CONCEPT
You can read Vathek here.
William Beckford
Looking back on Vathek, what me might define as a character’s “depth” – her complexity as defined by the sophistication of her understanding of her world as modified by a range of goals and priorities – is largely missed in almost all of the major characters. As an adventure based upon a personal downfall, the story compensates for this with its characters’ intensities; the grandeur and power of their passions and their commitment to complete acts. Thus, Vathek is defined by his gluttony, and we can see his tastes in his palace, his lust for power, his sexual appetite, and even his “terrible gaze” as all being subjected to his overwhelming desire for good food which usually trumps the rest. Carathis is defined by her complete corruption, the excess of her crimes and her nonsensical disregard for her own demise when she descends into Istakhar. The Gaiour is defined by his backsliding evil; the fact that he is a deceiving and incredible force that nevertheless elicits great trust in others. The same observations could be said for the supporting cast: Marakanabad is ultimate reckless loyalty. Bababalouk is practical, but is constantly obsessing over the most trivial details considering the forces that his master engages.

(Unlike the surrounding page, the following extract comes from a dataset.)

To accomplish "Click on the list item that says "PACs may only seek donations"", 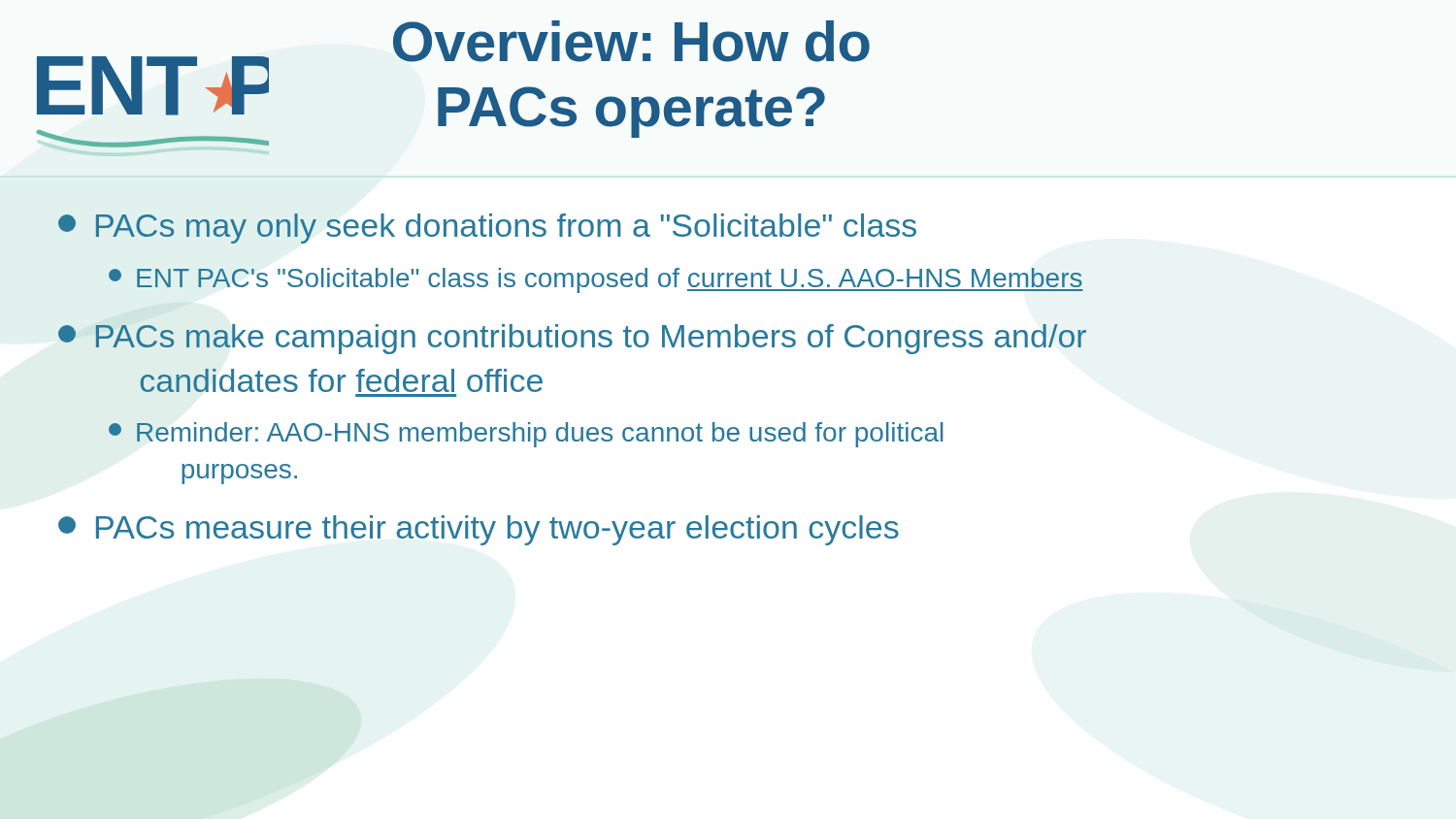I will [488, 226].
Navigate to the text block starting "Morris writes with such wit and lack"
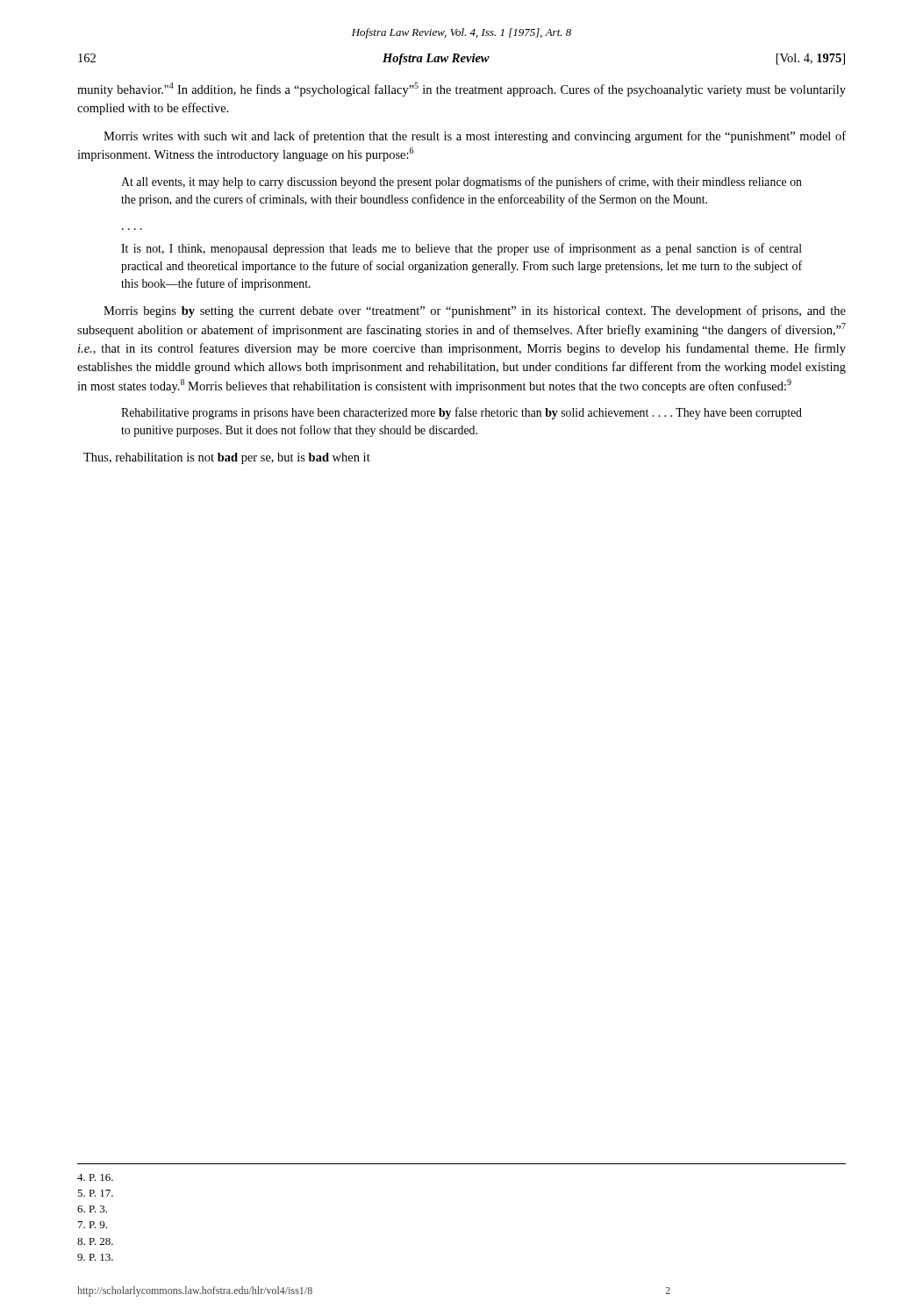923x1316 pixels. pyautogui.click(x=462, y=145)

There is only one exception in this book, and she parallels Beatrice in Shelley’s Cenci… the antiheroine is given to the same passions and intensity of all the other characters while also conforming to the more traditional “depth” as I’ve defined it here.
As a reader, I empathized more closely with Nouronihar than any other character, first because her motivations were more subtle than the rest, but just as significantly because she masters the forces to which the others subject herself.
Nouronihar is the only character who elicits sympathy in the end.
* * * * *
These observations rest almost entirely upon the earlier scenes with Nouronihar. She makes her appearance when Vathek and his entorage arrive at the complex belonging to the emir Fakreddin. Her first moment, however, does not involve the caliph or his promises, but an elaborate prank upon Bababalouk:
Whilst he was issuing these mandates the young Nouronihar, daughter of the Emir, who was sprightly as an antelope, and full of wanton gaiety, beckoned one of her slaves to let down the great swing, which was suspended to the ceiling by cords of silk, and whilst this was doing, winked to her companions in the bath, who, chagrined to be forced from so soothing a state of indolence, began to twist it round Bababalouk, and tease him with a thousand vagaries.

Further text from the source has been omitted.